## EXERCISE GOAL
Starting at the line that has "Answer: 80% which" and stopping after the line that has "Answer: It's a", reproduce the listing below exactly; omit everything else.
..............................
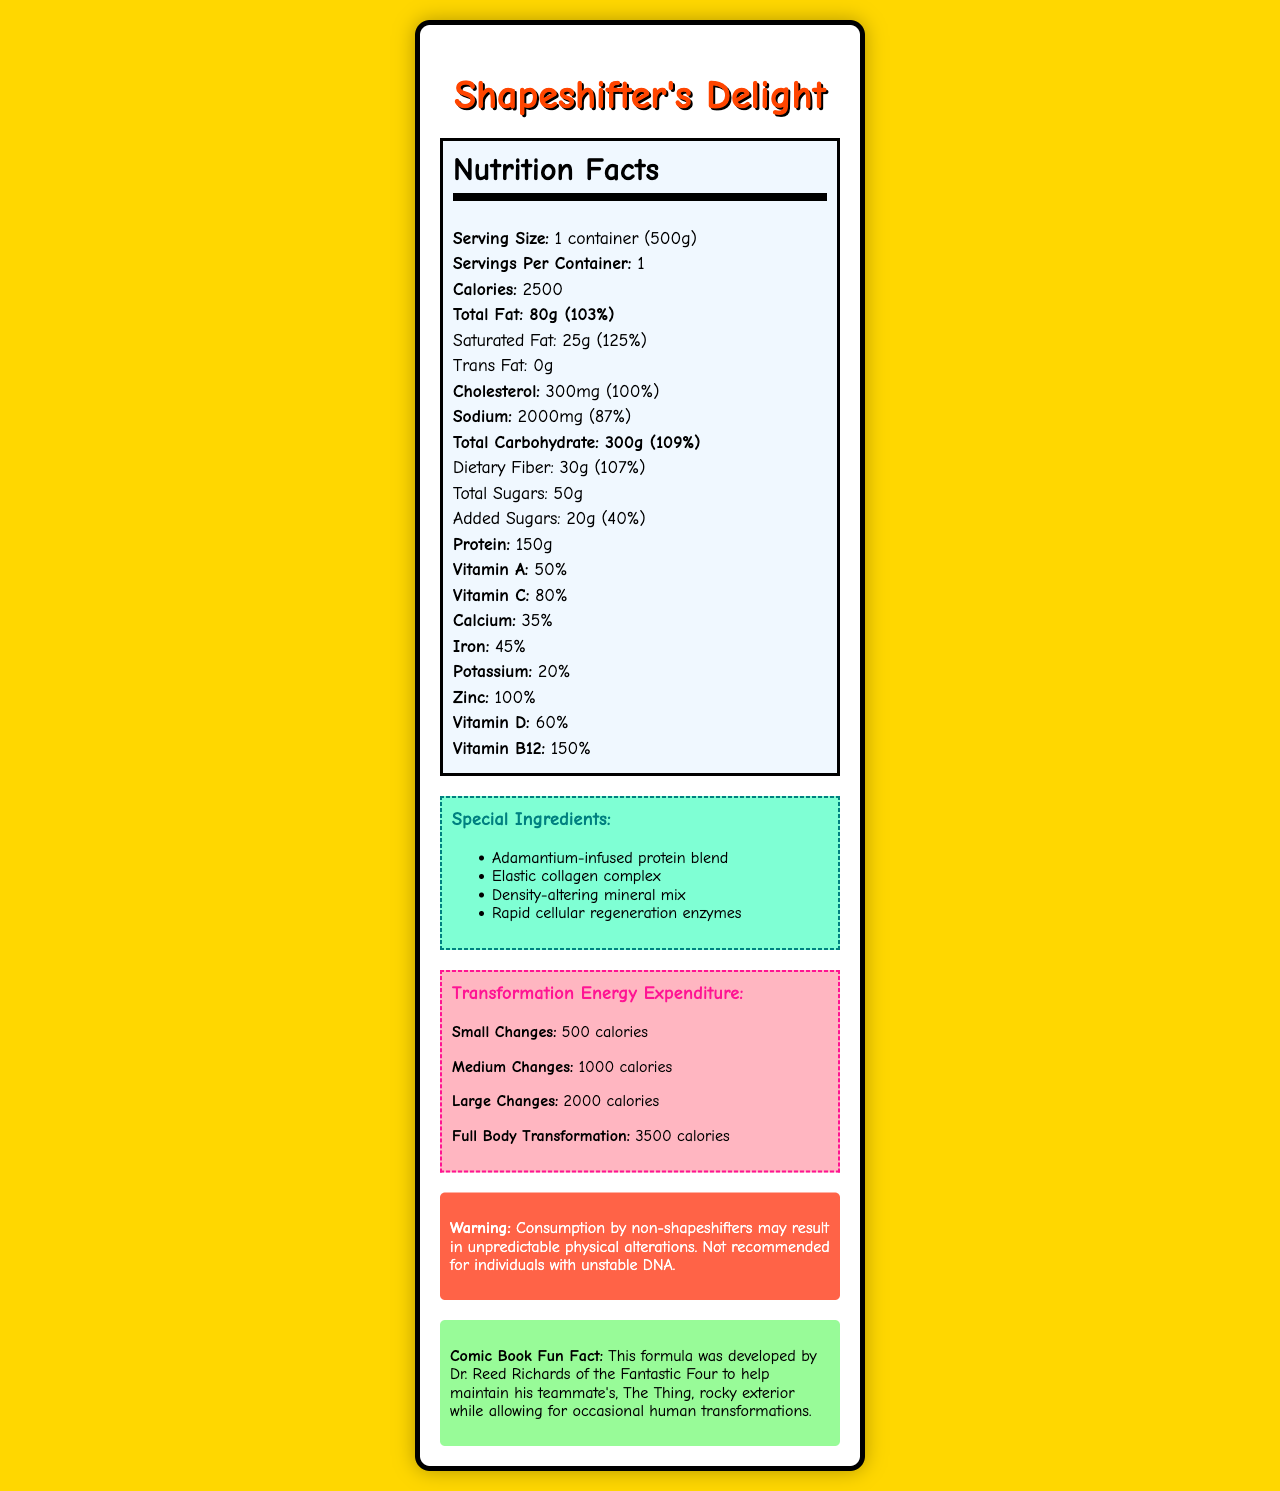what is the serving size? It is mentioned in the Nutrition Facts section under "Serving Size".
Answer: 1 container (500g) how many calories are in one serving of Shapeshifter's Delight? This information is provided in the Nutrition Facts section under "Calories".
Answer: 2500 calories how many grams of protein are in Shapeshifter's Delight? The amount of protein is listed in the Nutrition Facts section under "Protein".
Answer: 150g how much cholesterol is in one serving? The cholesterol content is provided in the Nutrition Facts section under "Cholesterol".
Answer: 300mg what is the percentage daily value of vitamin C in Shapeshifter's Delight? This is listed in the Nutrition Facts section under "Vitamin C".
Answer: 80% which of the following is a special ingredient in Shapeshifter's Delight? A. Vibranium peptides B. Adamantium-infused protein blend C. Energy-boosting herbs "Adamantium-infused protein blend" is listed among the special ingredients.
Answer: B how many calories does a large change expenditure in transformation energy? A. 500 calories B. 1000 calories C. 2000 calories D. 3500 calories The document states that large changes require 2000 calories.
Answer: C consuming Shapeshifter's Delight by non-shapeshifters can result in unpredictable physical alterations, true or false? This warning is provided in the document's warning section.
Answer: True what is the recommended daily value percentage of total fat in Shapeshifter's Delight? It is mentioned in the Nutrition Facts section under "Total Fat".
Answer: 103% describe the main idea of the document. The document includes information on serving size, calories, fats, cholesterol, sodium, carbohydrates, protein, vitamins, and specialized ingredients. Additionally, it outlines the energy expenditure for different levels of physical transformation.
Answer: It's a nutrition facts label for a product called Shapeshifter's Delight, detailing its nutritional content, special ingredients, transformation energy expenditure, warnings, and a comic book fun fact. who developed the Shapeshifter's Delight formula? The comic book fun fact mentions that Dr. Reed Richards of the Fantastic Four developed the formula.
Answer: Dr. Reed Richards how many grams of total sugar are in Shapeshifter's Delight? The total sugar content is listed in the Nutrition Facts section.
Answer: 50g 
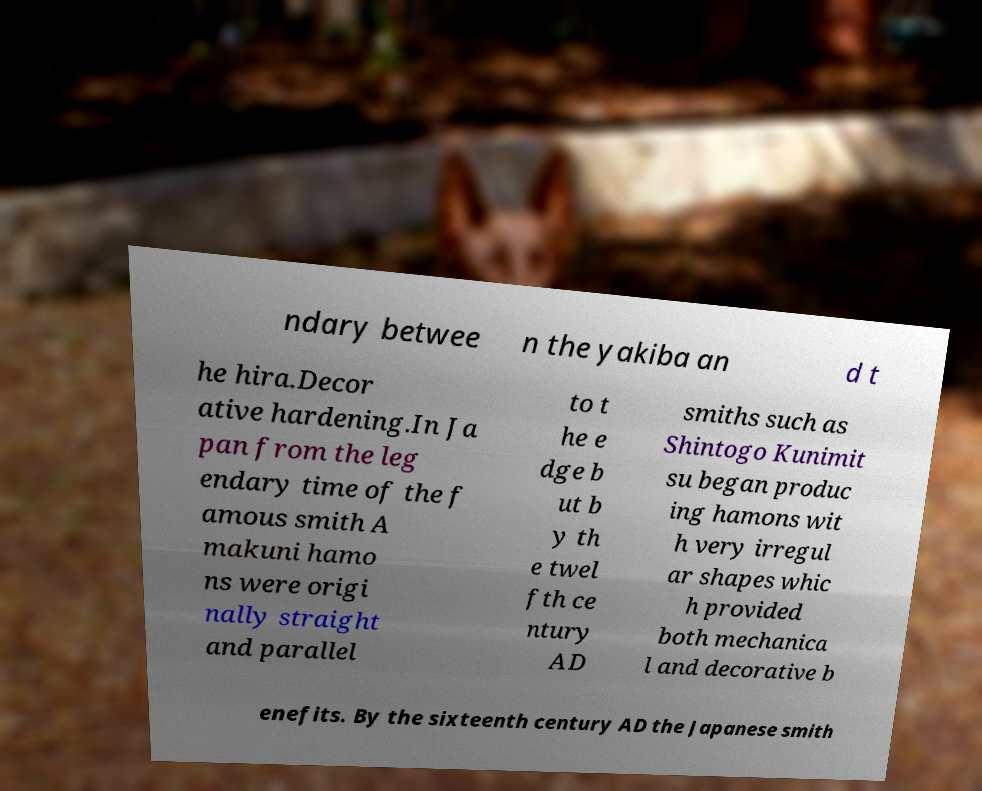What messages or text are displayed in this image? I need them in a readable, typed format. ndary betwee n the yakiba an d t he hira.Decor ative hardening.In Ja pan from the leg endary time of the f amous smith A makuni hamo ns were origi nally straight and parallel to t he e dge b ut b y th e twel fth ce ntury AD smiths such as Shintogo Kunimit su began produc ing hamons wit h very irregul ar shapes whic h provided both mechanica l and decorative b enefits. By the sixteenth century AD the Japanese smith
..............................
## WRITTEN RESPONSE
Answer: 80% which of the following is a special ingredient in Shapeshifter's Delight? A. Vibranium peptides B. Adamantium-infused protein blend C. Energy-boosting herbs "Adamantium-infused protein blend" is listed among the special ingredients.
Answer: B how many calories does a large change expenditure in transformation energy? A. 500 calories B. 1000 calories C. 2000 calories D. 3500 calories The document states that large changes require 2000 calories.
Answer: C consuming Shapeshifter's Delight by non-shapeshifters can result in unpredictable physical alterations, true or false? This warning is provided in the document's warning section.
Answer: True what is the recommended daily value percentage of total fat in Shapeshifter's Delight? It is mentioned in the Nutrition Facts section under "Total Fat".
Answer: 103% describe the main idea of the document. The document includes information on serving size, calories, fats, cholesterol, sodium, carbohydrates, protein, vitamins, and specialized ingredients. Additionally, it outlines the energy expenditure for different levels of physical transformation.
Answer: It's a nutrition facts label for a product called Shapeshifter's Delight, detailing its nutritional content, special ingredients, transformation energy expenditure, warnings, and a comic book fun fact. who developed the Shapeshifter's Delight formula? The comic book fun fact mentions that Dr. Reed Richards of the Fantastic Four developed the formula.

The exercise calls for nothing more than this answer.